When a partner uses verbal insults, mean language, nasty putdowns, gets physical by hitting or slapping, or forces someone into sexual activity, it’s an important warning sign of verbal, emotional, or physical abuse.
If your partner gets angry when you don’t drop everything for him or her, criticizes the way you look or dress, stops you from seeing friends or from talking to any other guys or girls. Convinces you to quit an activity, even though you love it, physically hurts you or ever raises a hand when angry, or tries to force you to go further sexually than you want to, you are in an unhealthy relationship.
If you can think your is trying to control you, make you feel bad about yourself, isolate you from the rest of your world, or harm you physically or sexually, then it’s time to get out!
Let a trusted friend or family member know what’s going on and make sure you’re safe.
It can be tempting to make excuses or misinterpret violence, possessiveness, or anger as an expression of love.

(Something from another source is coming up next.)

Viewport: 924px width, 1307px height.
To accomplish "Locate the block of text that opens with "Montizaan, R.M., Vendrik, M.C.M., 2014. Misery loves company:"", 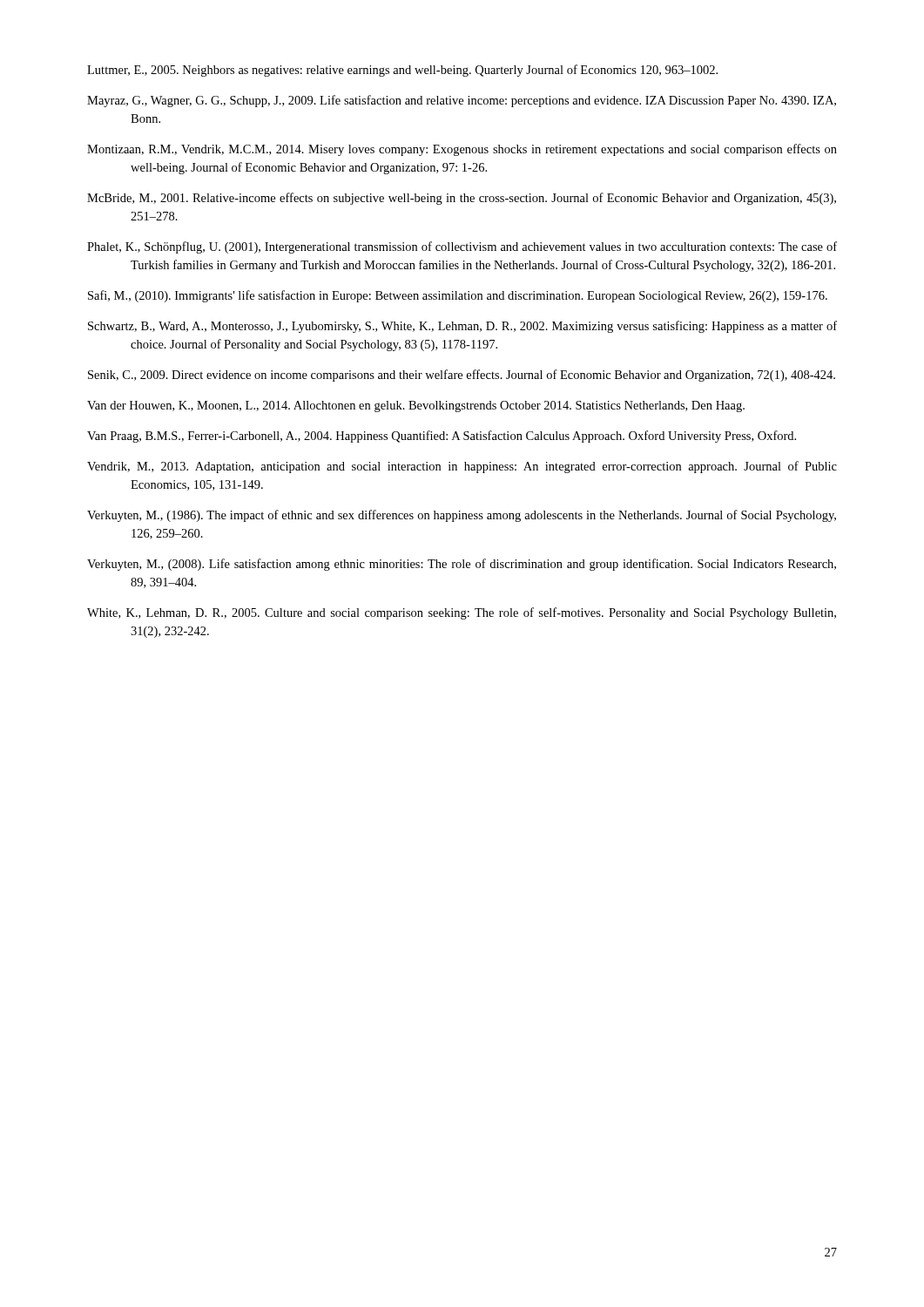I will click(462, 158).

But even if you know that the person hurting you loves you, it is not healthy. No one deserves to be hit, shoved, or forced into anything he or she doesn’t want to do
Your partner isn’t there to make you feel good about yourself if you can’t do that on your own. Focus on being happy with yourself, and don’t take on the responsibility of worrying about someone else’s happiness.

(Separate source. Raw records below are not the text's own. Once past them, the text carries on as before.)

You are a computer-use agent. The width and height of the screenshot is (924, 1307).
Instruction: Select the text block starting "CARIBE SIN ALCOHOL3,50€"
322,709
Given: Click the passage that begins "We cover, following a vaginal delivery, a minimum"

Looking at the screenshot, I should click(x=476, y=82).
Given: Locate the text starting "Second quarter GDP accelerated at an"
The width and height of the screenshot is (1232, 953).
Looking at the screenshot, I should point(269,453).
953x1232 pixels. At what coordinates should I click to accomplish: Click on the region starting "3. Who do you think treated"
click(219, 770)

If the relationship feels like a burden or a drag instead of a joy, it might be time to think about whether it’s a healthy match for you. Someone who’s not happy or secure may have trouble being a healthy relationship partner.
Think about the qualities you value in a friendship and see how they match up with the ingredients of a healthy relationship. Work on developing those good qualities in yourself — they make you a lot more attractive to others. And if you’re already part of a pair, make sure the relationship you’re in brings out the best in both of you.

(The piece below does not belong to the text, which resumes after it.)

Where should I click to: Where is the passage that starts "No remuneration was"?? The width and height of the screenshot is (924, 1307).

In a relationship it may sound simple, but listening is a valuable tool that requires more than just being in the same room while your partner is speaking. Giving undivided attention, and making eye contact and interacting. If you listen carefully, you are more likely to understand the problem and find a way to help.
Focusing on the positive is something that is forgotten in a relationship as time goes on. Don’t focus on the things that annoy you. If the relationship becomes more negative than positive, you will break up. Make a conscious effort to focus on the things you like about your partner. They are great qualities and are the things that first attracted you together. Write them down to remember them.”
Nagging not only creates tension, it usually gets you nowhere. Instead of saying what you don’t like, say what you would prefer. And remember to balance any criticisms with a heavy dose of positive feedback. When making a request that could be seen as nagging, take the edge off by expressing appreciation for your partner’s good qualities.
Spending more time together reinforces your sense of dedication to each other. Make these private times special by not including others. But don’t make the mistake of limiting your interaction to designated couple time. Try to enjoy each other’s company for at least a few minutes every day, especially first thing in the morning, at the end of the workday, and right before bed.
Make a special point of greeting each other at the end of the workday. If you’re home first, stop what you’re doing when your partner arrives and spend a moment together.
Physical communication is as important as emotional communication in a relationship. It relieves tension and shows your partner that you care. Always sleep together in the same bed. Just assume you’re going to have sex every night. It’s hard to fight if you’re having great sex.